Of the 12 broods of 17-year cicadas that exist, the largest is Brood X. That means people in the Northeastern U.S. are witnessing the most massive cicada emergence that exists in the country. Soil temperature serves as the main trigger for the insects; once things warm up to about 64 degrees Fahrenheit and that heat extends eight inches deep underground, all of the cicadas in the area will begin to rise.

After making their way out of their tunnels — and the structures they build above them, which are affectionately called chimneys — Brood X cicadas, also known as the Great Eastern Brood, climb into the trees to molt into their winged adult forms. After shedding their skins they start to fly around, the males buzzing loudly in search of mates.

Once they find their match, the females lay their eggs in the trees. Within four to six weeks, the eggs hatch, and the offspring, cicadas in larval form, drop to the earth and bury themselves in search of food: tree root sap. All the adult cicadas die shortly after mating, and the cycle of the new generation begins again underground.

Where to See Brood X Cicadas This Summer

 Photo Courtesy: Chip Somodevilla/Getty Images

Brood X cicadas live in 15 states across the Northeast and Midwest U.S. and Washington, D.C. These include:

  • Delaware
  • Georgia
  • Illinois
  • Indiana
  • Kentucky
  • Maryland
  • Michigan
  • New Jersey
  • New York
  • North Carolina
  • Ohio
  • Pennsylvania
  • Tennessee
  • Virginia
  • West Virginia

Depending on your location, many Brood X cicadas have likely already begun to make an appearance nearby. But just as quickly as they appeared and prolifically as they buzzed, they’ll disappear, with most dying off by mid-July.

According to Gene Kritsky, a periodical cicada expert from Mount St. Joseph University in Cincinnati, the largest swarms of Brood X cicadas are appearing in three areas. The first is a cluster that includes parts of southeastern Pennsylvania, the majority of Maryland, sections of New Jersey and Delaware, and a few parts of New York. The second sector encompasses all of Ohio and Indiana, northern and eastern spots in Kentucky, and some areas in eastern Illinois. The third area where you can expect to catch a good glimpse of a swarm? Western North Carolina, eastern Tennessee, parts of western Tennessee and a few spots in northern Georgia.

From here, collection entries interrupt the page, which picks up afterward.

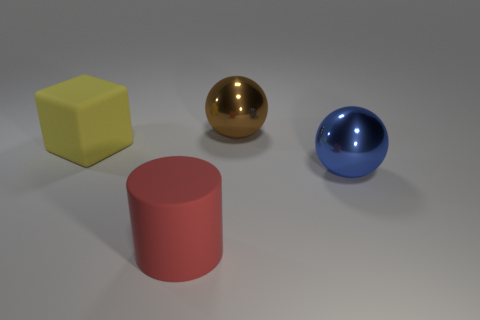What number of things are either large green rubber objects or big metallic spheres to the right of the brown thing?
Provide a short and direct response. 1. There is a big object that is behind the blue shiny thing and in front of the big brown shiny ball; what is its color?
Make the answer very short. Yellow. There is a big metal thing that is to the left of the blue ball; what is its color?
Provide a succinct answer. Brown. The rubber thing that is the same size as the red cylinder is what color?
Make the answer very short. Yellow. Do the large blue thing and the brown shiny object have the same shape?
Keep it short and to the point. Yes. What material is the blue object behind the red thing?
Your answer should be compact. Metal. What is the color of the big cube?
Ensure brevity in your answer.  Yellow. There is another object that is the same shape as the large brown object; what color is it?
Offer a very short reply. Blue. Is the number of rubber blocks that are in front of the big red rubber cylinder greater than the number of big blue objects behind the blue metal thing?
Your answer should be very brief. No. What number of other objects are the same shape as the big red thing?
Provide a short and direct response. 0.

Mount St. Joseph University has created a free app called Cicada Safari for both iOS and Android you can use to record Brood X sightings. If you’re serious about your cicada-spotting excursions, you can also record sightings on Cicada Mania and iNaturalist. But be sure to get out there and see what the buzz is all about soon — or be prepared to wait until 2024, when the Brood XIII and Brood XIX cohorts are set to emerge from hibernation.